A los doce años yo ya había leído casi todo lo publicado por la editorial Minotauro de Ray Bradbury. En las noches de verano, cuando todos se iban a dormir suspirando por el calor y los mosquitos yo me quedaba con la luz del velador encendida recorriendo junto a Montag esa pesadilla que era un mundo en el que los libros estaban prohibidos y eran quemados. Me gustaba sobre todo Clarisse Mac Clellan, la chica que de alguna manera le abre los ojos a ese futuro lector que es el bombero cuando aún no sabe que la lectura le dará vuelta su concepción del mundo y me indignaba con Mildred, su mujer, que era una boba mirando la televisión mural y tomando pastillas para soportar su vida alienada. Bradbury imaginaba en 1953 lo que vemos a diario en el siglo XXI: gente ausente mirando sus pantallas de celulares o riéndose de los payasos inconsistentes de la televisión. Quema de libros también hemos visto durante la dictadura. Así que en aquella novela leída en la adolescencia, “Farenheit 451” ya estaba nuestro mundo de hoy. Esas cosas tiene la ciencia ficción, nos cuenta el futuro cuando todavía no ha llegado.

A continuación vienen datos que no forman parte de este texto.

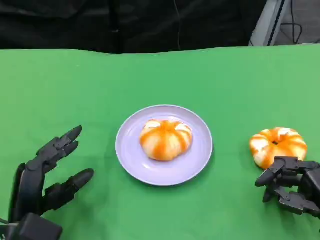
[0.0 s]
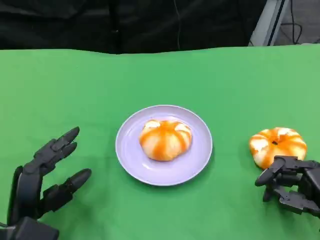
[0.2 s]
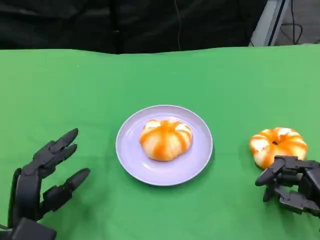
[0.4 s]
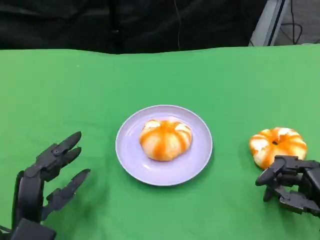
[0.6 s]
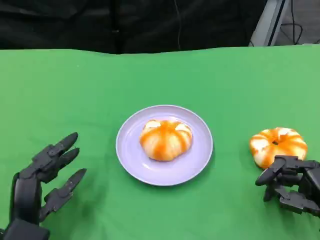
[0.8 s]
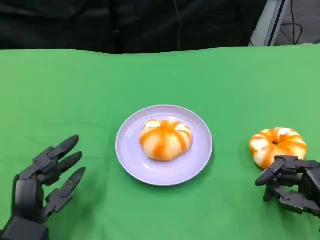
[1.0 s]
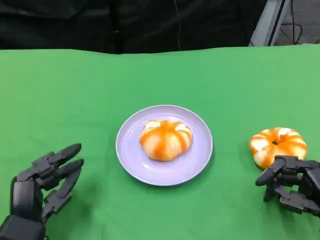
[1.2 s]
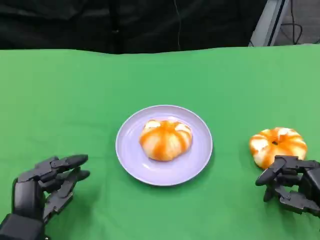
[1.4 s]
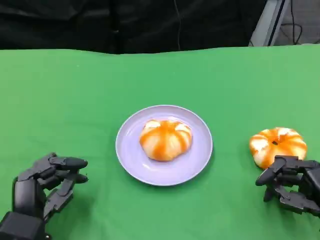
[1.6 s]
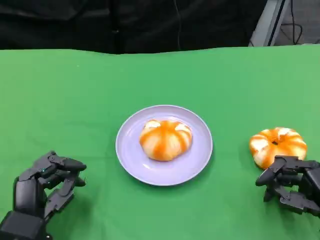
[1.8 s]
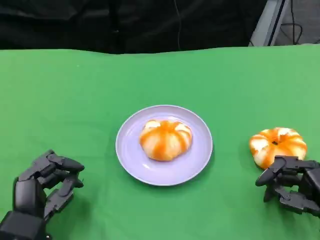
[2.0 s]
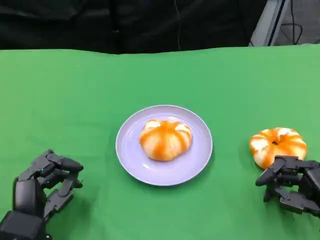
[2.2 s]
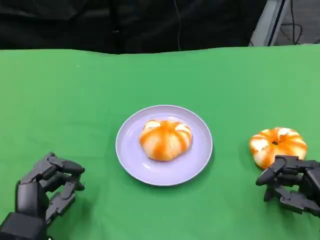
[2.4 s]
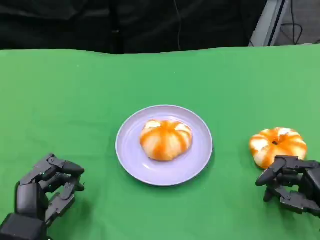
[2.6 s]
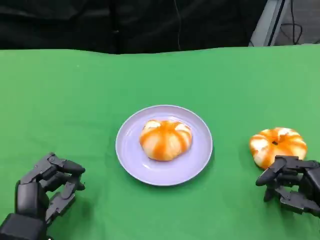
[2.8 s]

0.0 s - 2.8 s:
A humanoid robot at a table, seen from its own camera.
Task of the whole recording: Grasp the bread from the table and place it into the plate.
1.4 s - 2.8 s: Both hands stay put.

Pero también estaban los cuentos melancólicos de “El país de octubre”. “El lago” narraba una historia triste de un adulto que reencontraba en la playa a la niña ahogada en un fin de verano de su infancia, intacta como cuando desapareció y junto a ella un castillo de arena sin terminar, y luego se alejaba sin volver la cabeza para no ver cómo las olas lo deshacían, “como se deshacen todas las cosas”. O el cuento de la ciudad muerta debajo de la ciudad real, un mundo al que se accedía por las alcantarillas los días de lluvia, un mundo que llamaba y llamaba y llevaba los cuerpos de los amantes que se encontraban después de muertos.

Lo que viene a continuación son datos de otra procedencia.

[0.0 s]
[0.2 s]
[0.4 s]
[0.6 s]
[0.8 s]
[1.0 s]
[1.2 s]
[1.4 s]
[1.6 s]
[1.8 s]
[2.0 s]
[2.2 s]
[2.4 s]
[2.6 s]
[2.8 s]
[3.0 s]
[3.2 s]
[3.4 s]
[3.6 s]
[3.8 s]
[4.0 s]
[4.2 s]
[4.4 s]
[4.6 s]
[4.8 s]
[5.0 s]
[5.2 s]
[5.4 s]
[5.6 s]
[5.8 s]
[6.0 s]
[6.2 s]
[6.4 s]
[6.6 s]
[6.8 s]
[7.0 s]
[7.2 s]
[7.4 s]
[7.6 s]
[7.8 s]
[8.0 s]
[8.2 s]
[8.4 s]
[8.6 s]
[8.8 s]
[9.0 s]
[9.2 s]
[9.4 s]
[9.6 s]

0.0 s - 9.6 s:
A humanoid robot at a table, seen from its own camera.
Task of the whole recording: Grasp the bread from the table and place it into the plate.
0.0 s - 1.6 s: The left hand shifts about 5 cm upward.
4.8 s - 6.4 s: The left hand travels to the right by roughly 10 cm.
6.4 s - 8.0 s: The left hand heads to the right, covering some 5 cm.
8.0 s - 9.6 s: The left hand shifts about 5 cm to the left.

También recuerdo el cuento “Sol y sombra” de “Las doradas manzanas del sol”, donde Ricardo, un hombre de un poblado que se resiste a ser parte del escenario de un fotógrafo que hace fotos a una modela buscando en las grietas de las casas y la pobreza del barrio un escenario pintoresco, y se baja los pantalones para reafirmar su dignidad.
Y por no hablar de lo que me fascinaba en los primeros años de los 70, cuando el tema de los ovnis y de los extraterrestres era habitual en los diarios, leer “Crónicas Marcianas”, donde se contaba la colonización y el despojo de un mundo bello y melancólico para sustituirlo por quioscos de panchos y gasolineras. De ese libro, “Encuentro nocturno” me sigue pareciendo terriblemente bello. Dos hombres de épocas distantes se encuentran en el milagro de una noche de fiesta. El hombre que ha bajado del cohete y el marciano, ambos van a fiestas distintas, no saben en definitiva quién pertenece al pasado y quién al presente, porque en el mundo de Bradbury la magia disuelve toda certeza.
Bradbury fue mi infancia, me entrenó como lectora, me creó el deseo de contar historias melancólicas en las que una sirena llama desesperadamente desde las profundidad de un abismo (“La sirena”) o una vieja fascinante que enamora con sus relatos a un periodista que no ha salido nunca del pueblo, porque el muchacho puede ver todavía las plumas del cisne en las fauces del dragón.
Y así podría seguir citando de memoria otros cuentos que iluminaron mi vida, porque como la espalda del hombre ilustrado esas imágenes que fluyen de la escritura de Bradbury siguen moviéndose y armando otras historias en mi mente. Cuentos para nada inocentes, cuentos que, muerto su autor, seguirán en la memoria de los que lo hemos leído con fervor adolescente y lo releemos ahora para comprobar que los hilos de seda, las arañas de oro y las lunas mellizas, el lago de vino verde y las barcazas que recorren un mundo extinguido, son parte de la resistencia de la imaginación frente a la alienación tecnológica.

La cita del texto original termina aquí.